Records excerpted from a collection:

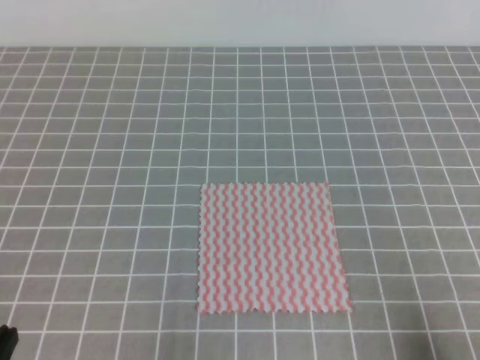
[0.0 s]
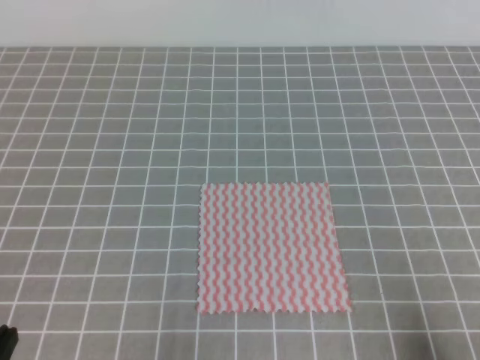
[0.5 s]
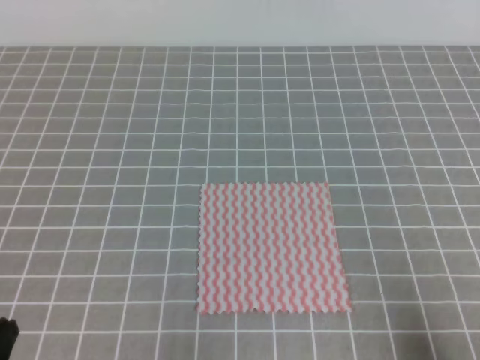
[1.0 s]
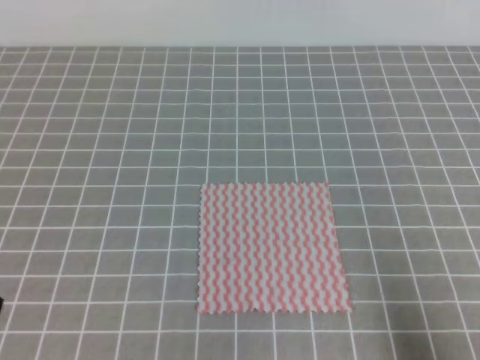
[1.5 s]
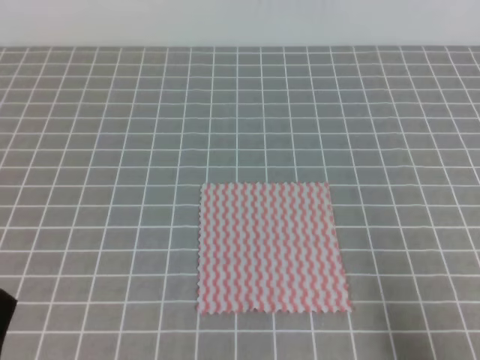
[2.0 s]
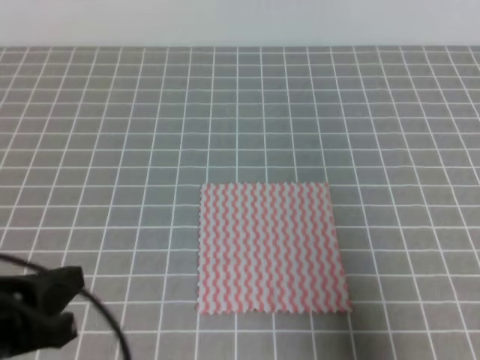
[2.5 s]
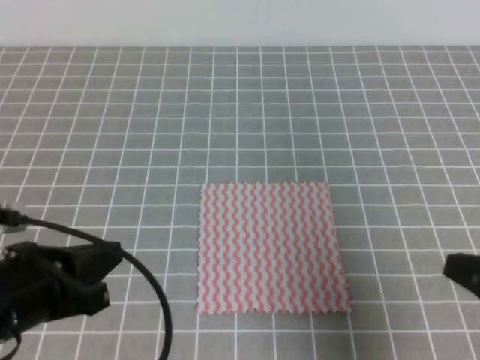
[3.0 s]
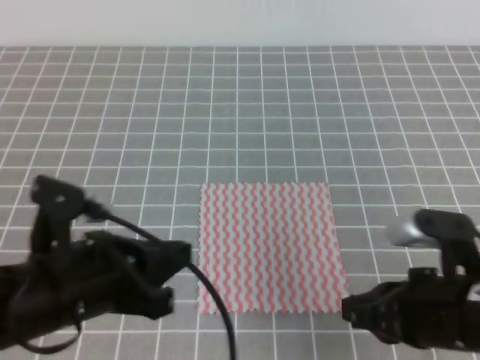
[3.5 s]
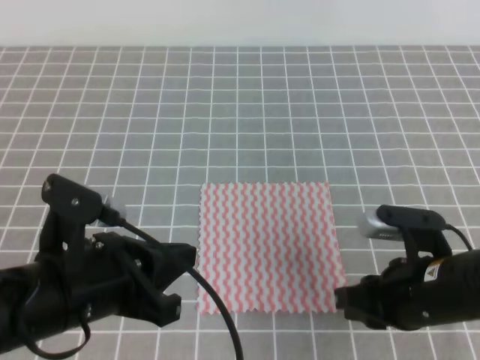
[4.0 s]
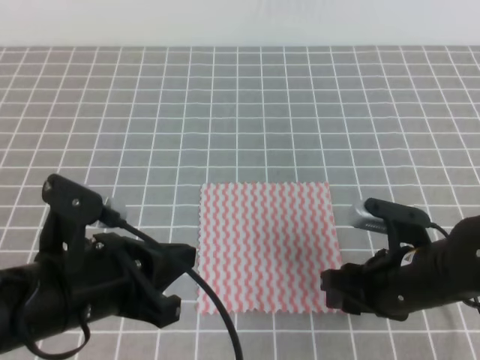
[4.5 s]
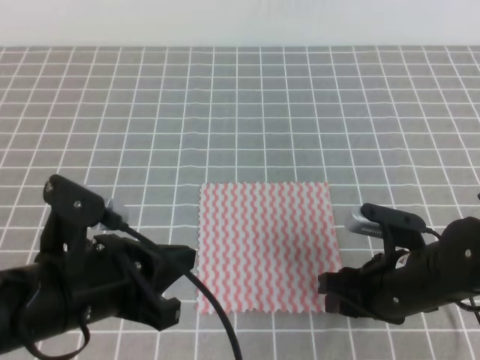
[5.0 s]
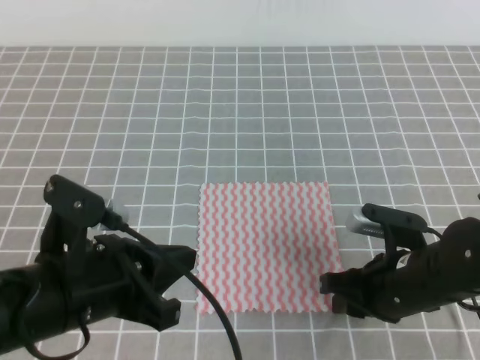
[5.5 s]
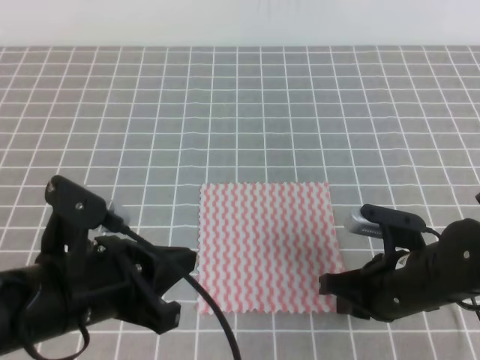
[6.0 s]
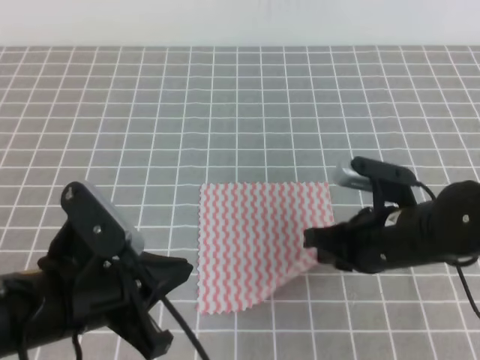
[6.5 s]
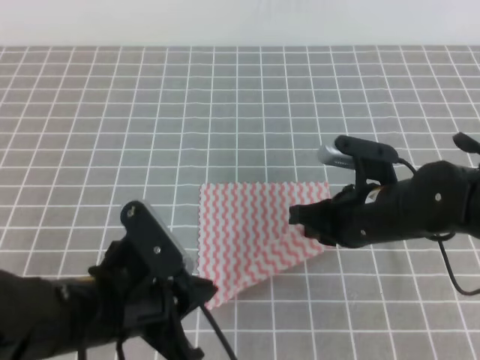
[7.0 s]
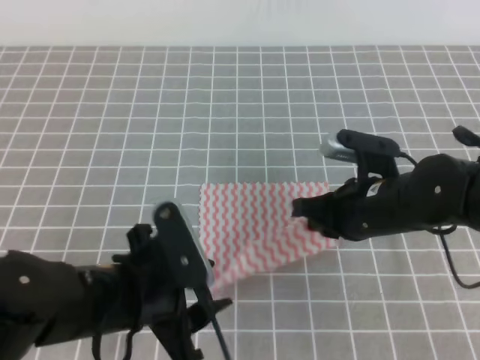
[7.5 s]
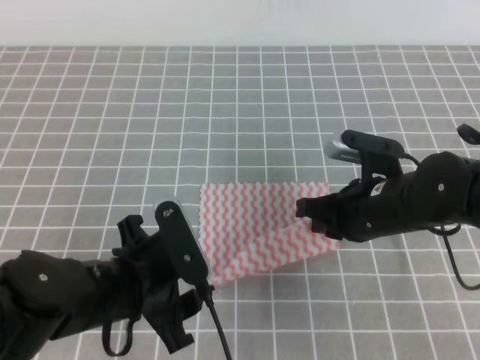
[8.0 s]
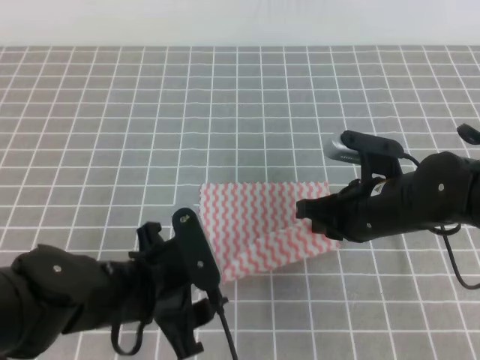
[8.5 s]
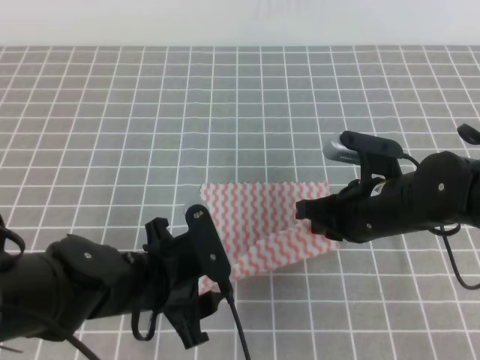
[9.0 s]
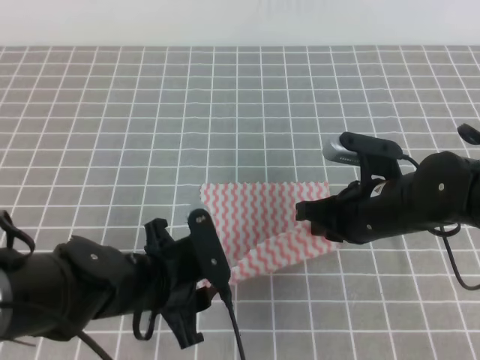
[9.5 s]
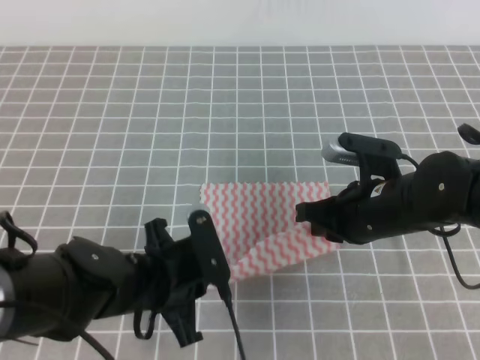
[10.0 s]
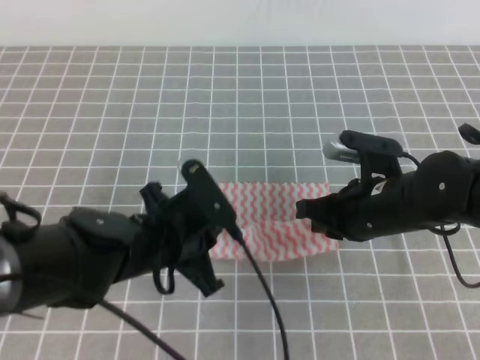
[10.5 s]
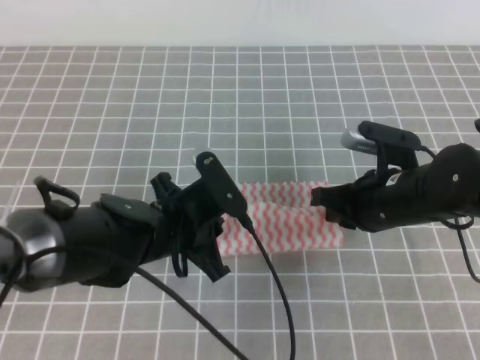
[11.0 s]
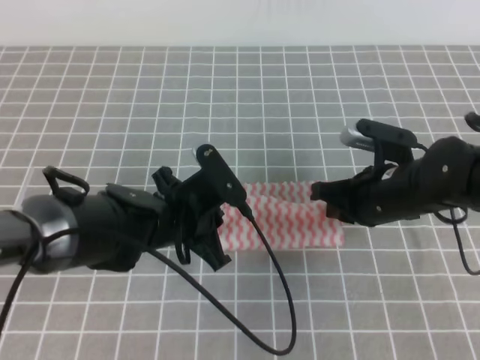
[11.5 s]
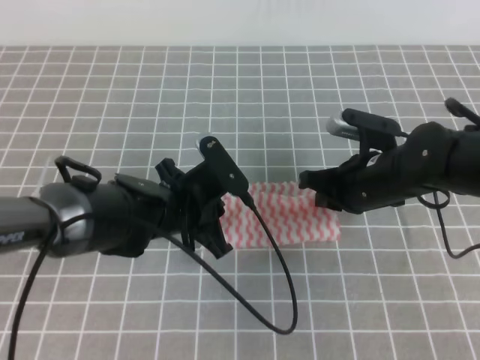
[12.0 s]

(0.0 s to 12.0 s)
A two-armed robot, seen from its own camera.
2.0 s - 4.0 s: The right gripper shifts approximately 20 cm forward and to the left, and opens up. The left gripper goes approximately 15 cm forward and to the right.
4.0 s - 6.0 s: The right gripper closes.
6.0 s - 8.0 s: The left gripper goes about 5 cm downward, and opens. Meanwhile the right gripper heads forward, covering some 5 cm.
8.0 s - 10.0 s: The left gripper closes up.
10.0 s - 12.0 s: The left gripper moves forward, roughly 10 cm, while the right gripper goes some 5 cm forward.

• What to produce
Would you retype all the lines shown above, exactly as written and without any picture?

• Answer section
[0.0 s]
[0.5 s]
[1.0 s]
[1.5 s]
[2.0 s]
[2.5 s]
[3.0 s]
[3.5 s]
[4.0 s]
[4.5 s]
[5.0 s]
[5.5 s]
[6.0 s]
[6.5 s]
[7.0 s]
[7.5 s]
[8.0 s]
[8.5 s]
[9.0 s]
[9.5 s]
[10.0 s]
[10.5 s]
[11.0 s]
[11.5 s]
[12.0 s]

(0.0 s to 12.0 s)
A two-armed robot, seen from its own camera.
2.0 s - 4.0 s: The right gripper shifts approximately 20 cm forward and to the left, and opens up. The left gripper goes approximately 15 cm forward and to the right.
4.0 s - 6.0 s: The right gripper closes.
6.0 s - 8.0 s: The left gripper goes about 5 cm downward, and opens. Meanwhile the right gripper heads forward, covering some 5 cm.
8.0 s - 10.0 s: The left gripper closes up.
10.0 s - 12.0 s: The left gripper moves forward, roughly 10 cm, while the right gripper goes some 5 cm forward.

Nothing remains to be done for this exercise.